== YOUR ASSIGNMENT ==
Every line that appears in the listing is to be set down verbatim.

- Opening Delimiter -

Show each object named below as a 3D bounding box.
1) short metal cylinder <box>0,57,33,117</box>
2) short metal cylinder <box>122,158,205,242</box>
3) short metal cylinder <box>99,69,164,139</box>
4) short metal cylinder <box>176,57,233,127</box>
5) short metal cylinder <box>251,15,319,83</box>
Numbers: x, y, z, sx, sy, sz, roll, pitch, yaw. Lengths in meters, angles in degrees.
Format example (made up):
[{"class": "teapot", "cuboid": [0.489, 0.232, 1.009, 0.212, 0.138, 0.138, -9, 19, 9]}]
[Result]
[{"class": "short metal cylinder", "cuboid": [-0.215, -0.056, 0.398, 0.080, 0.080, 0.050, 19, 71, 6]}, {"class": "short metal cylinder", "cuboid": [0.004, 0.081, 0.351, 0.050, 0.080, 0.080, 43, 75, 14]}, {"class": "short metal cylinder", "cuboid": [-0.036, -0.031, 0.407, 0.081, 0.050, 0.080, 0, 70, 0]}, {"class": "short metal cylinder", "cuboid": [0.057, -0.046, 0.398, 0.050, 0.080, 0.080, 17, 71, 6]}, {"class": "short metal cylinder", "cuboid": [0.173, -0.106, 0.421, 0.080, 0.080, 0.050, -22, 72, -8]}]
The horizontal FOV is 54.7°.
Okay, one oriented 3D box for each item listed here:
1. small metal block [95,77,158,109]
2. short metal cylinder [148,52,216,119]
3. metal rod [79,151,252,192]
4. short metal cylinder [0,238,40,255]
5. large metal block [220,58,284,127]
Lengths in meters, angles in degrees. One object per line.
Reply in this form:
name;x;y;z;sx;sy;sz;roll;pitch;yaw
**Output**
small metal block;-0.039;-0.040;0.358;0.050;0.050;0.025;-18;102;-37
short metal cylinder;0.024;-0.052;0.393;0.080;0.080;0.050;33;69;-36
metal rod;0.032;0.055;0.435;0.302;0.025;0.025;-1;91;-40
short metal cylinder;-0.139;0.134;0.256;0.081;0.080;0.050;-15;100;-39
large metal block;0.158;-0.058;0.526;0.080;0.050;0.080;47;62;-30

- Closing Delimiter -

== EXERCISE RESULT ==
Show each object named below as a 3D bounding box.
1) short metal cylinder <box>0,57,33,117</box>
2) short metal cylinder <box>122,158,205,242</box>
3) short metal cylinder <box>99,69,164,139</box>
4) short metal cylinder <box>176,57,233,127</box>
5) short metal cylinder <box>251,15,319,83</box>
Numbers: x, y, z, sx, sy, sz, roll, pitch, yaw. Lengths in meters, angles in degrees.
Format example (made up):
[{"class": "teapot", "cuboid": [0.489, 0.232, 1.009, 0.212, 0.138, 0.138, -9, 19, 9]}]
[Result]
[{"class": "short metal cylinder", "cuboid": [-0.215, -0.056, 0.398, 0.080, 0.080, 0.050, 19, 71, 6]}, {"class": "short metal cylinder", "cuboid": [0.004, 0.081, 0.351, 0.050, 0.080, 0.080, 43, 75, 14]}, {"class": "short metal cylinder", "cuboid": [-0.036, -0.031, 0.407, 0.081, 0.050, 0.080, 0, 70, 0]}, {"class": "short metal cylinder", "cuboid": [0.057, -0.046, 0.398, 0.050, 0.080, 0.080, 17, 71, 6]}, {"class": "short metal cylinder", "cuboid": [0.173, -0.106, 0.421, 0.080, 0.080, 0.050, -22, 72, -8]}]
The horizontal FOV is 54.7°.
Okay, one oriented 3D box for each item listed here:
1. small metal block [95,77,158,109]
2. short metal cylinder [148,52,216,119]
3. metal rod [79,151,252,192]
4. short metal cylinder [0,238,40,255]
5. large metal block [220,58,284,127]
Lengths in meters, angles in degrees. One object per line.
Reply in this form:
name;x;y;z;sx;sy;sz;roll;pitch;yaw
**Output**
small metal block;-0.039;-0.040;0.358;0.050;0.050;0.025;-18;102;-37
short metal cylinder;0.024;-0.052;0.393;0.080;0.080;0.050;33;69;-36
metal rod;0.032;0.055;0.435;0.302;0.025;0.025;-1;91;-40
short metal cylinder;-0.139;0.134;0.256;0.081;0.080;0.050;-15;100;-39
large metal block;0.158;-0.058;0.526;0.080;0.050;0.080;47;62;-30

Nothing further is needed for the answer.